Big and stupid means slow. And limited battery times- and who will be changing those batteries? You have to go in and out… losing time at each “lap.”

Stupid is the wrong way to go based on our human-robot interaction studies. Less sensors, particularly cameras means harder to control or move quickly. And less sensors means no autonomy so if you get tired, the robot runs into things. And that could make things worse. Or ruin the robot.  So you want more autonomy so that the robot drives itself, much like a horse. The person directs but the horse actually controls its own motions and adjusts it gait and goes around obstacles.

And then there’s the issue of using a tether or wireless– if radiation doesn’t interfere with wireless, what’s left of the walls and the various containment structures will.

Our hearts and prayers go out to the Japanese. We are, of course, worried about our colleagues in Sendai which is 55 miles from the reactors. There’s no fuel to evacuate.
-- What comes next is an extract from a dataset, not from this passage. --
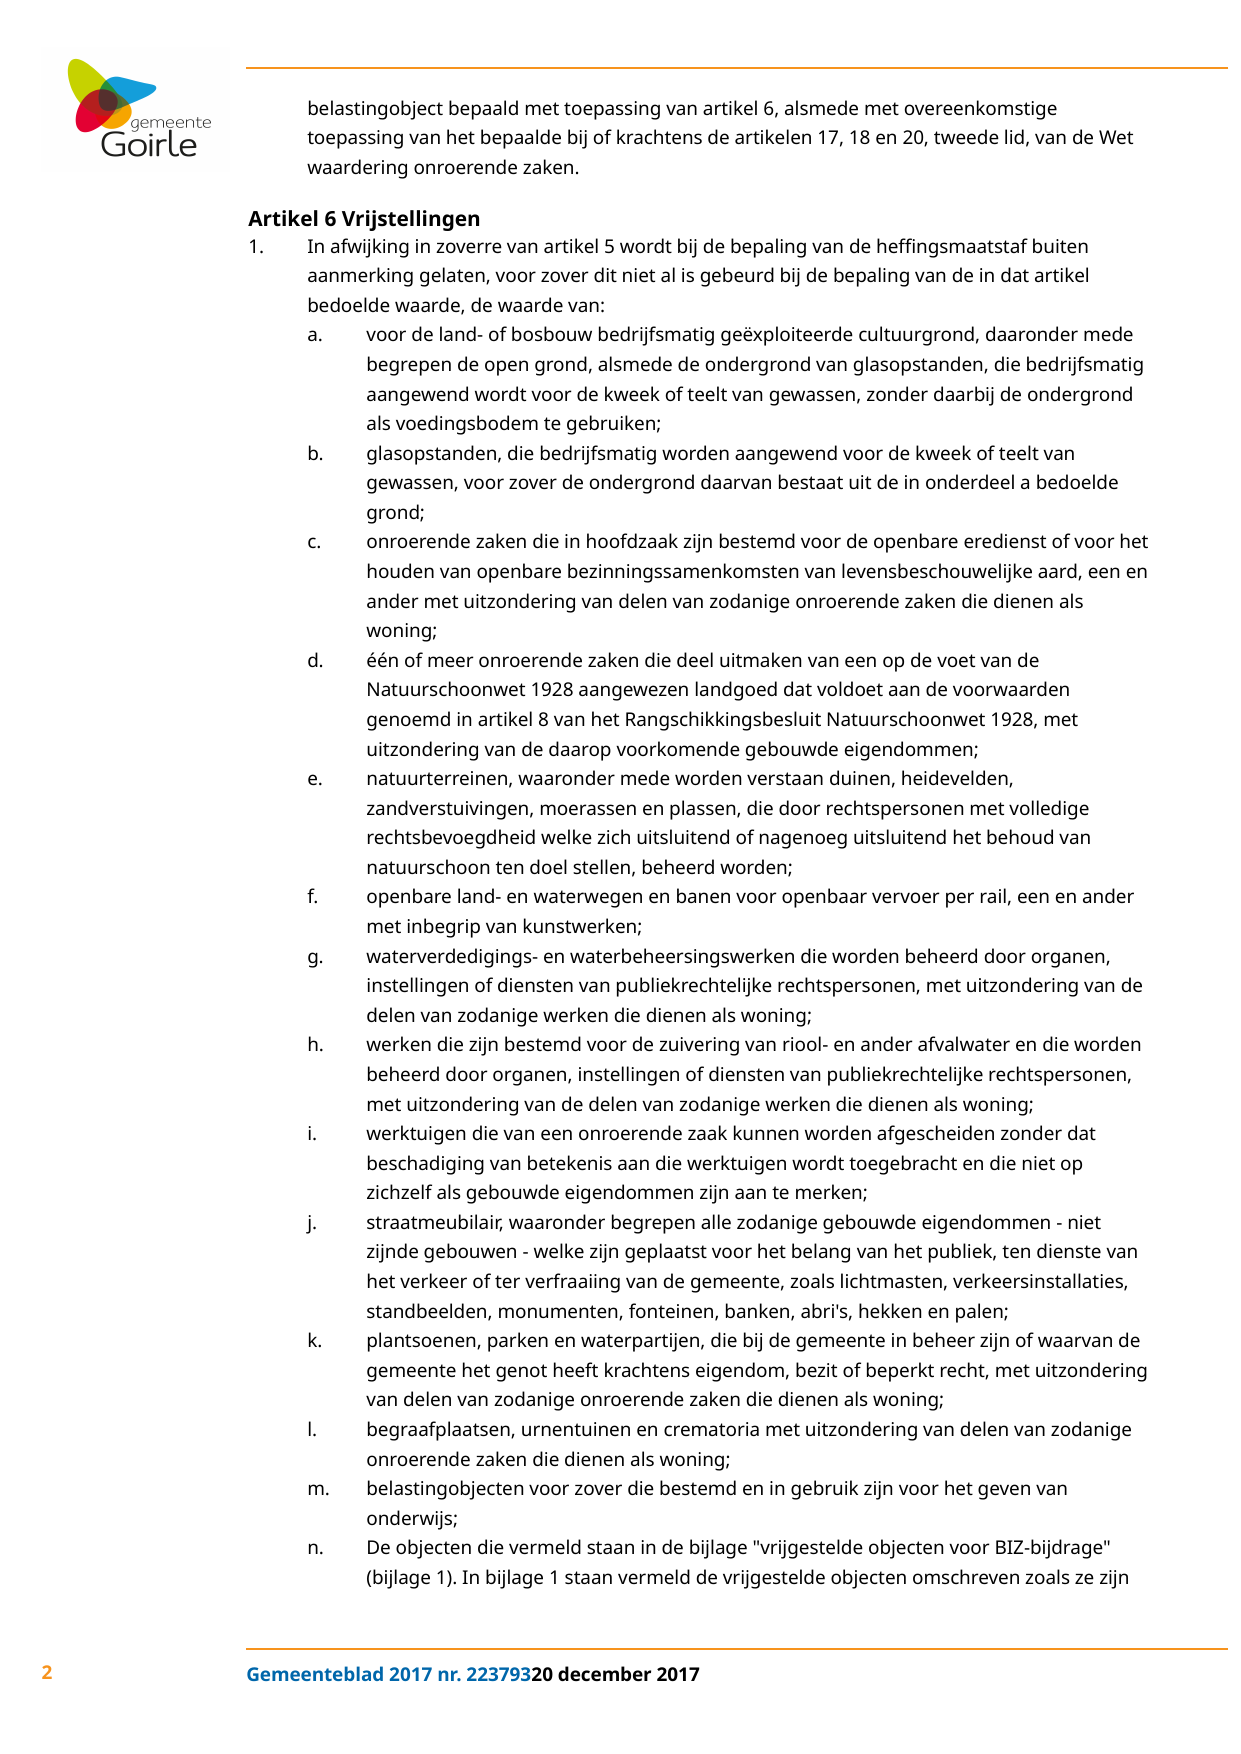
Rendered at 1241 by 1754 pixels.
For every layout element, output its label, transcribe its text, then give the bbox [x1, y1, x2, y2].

CBS Small Planet, KBTX TV, Discovery News interviews and videos

Check out this online interview which discusses the Japanese robots and KBTX TV ran a nice follow up on the JST/RESPOND-R exercise that CRASAR hosted with the Japanese rescue robot researchers. (See earlier posts) It’s just morning there now- I’m hoping for an update shortly and maybe the official invitation to participate.  The contact person for the Japanese rescue robotics work is Prof. Fumitoshi Matsuno at Prof. Matsuno is the vice president of the International Rescue Systems institute, which is our Japanese counterpart, and is in Kyoto which has communications. Discovery News also posted this article.

Have Robots Been Used in Previous Earthquakes?

I’ve been asked by Erico Guizzo, robotics editor at IEEE Spectrum, asks “have robots been used in previous quakes?” The answer is “yes”- just one,  the 2010 Haiti Earthquake.

The US Army Corps of Engineers used a Seabotix ROV (remotely operated underwater  vehicle) to investigate bridge and seawall damage as part of the US assistance to the Haitian government.  An aerospace company from the US self-deployed and flew a small fixed-wing UAV to get an overview of the damage near an orphanage  in ignorance of the Haitian airspace prohibition on all UAVs (the Predator views you saw were taken from outside Haitian airspace)- which caused a bit of a flap (no pun intended).  Note: CRASAR offered (as always, at no cost through our Roboticists Without Borders program) small AirRobot and ISENSYS helicopters for rapid assessment, a VideoRay ROV, and a AEOS water Surface Vehicle with a special sonar particularly well suited for bridge inspection in shallow water, and our usual ground vehicles suited for commercial building collapses (not a lot in Haiti)   to support the response through US Southern Command but was declined by the Haitian officials who said with ample justification that there were too many responders and NGOs pouring in (at that point many were self-deployed, which has the unintended consequence of saturating the officials and causing them to say just say no).

Prof. Daniele Nardi at Sapienza University of Rome, who is one of the leading European researchers in rescue robotics, demonstrated  his micro-quad rotor UAV in the aftermath of the 2009 L’aquila earthquake (I got to attend!), but that was intended for the Fire Service to evaluate the device and not a part of the actual response.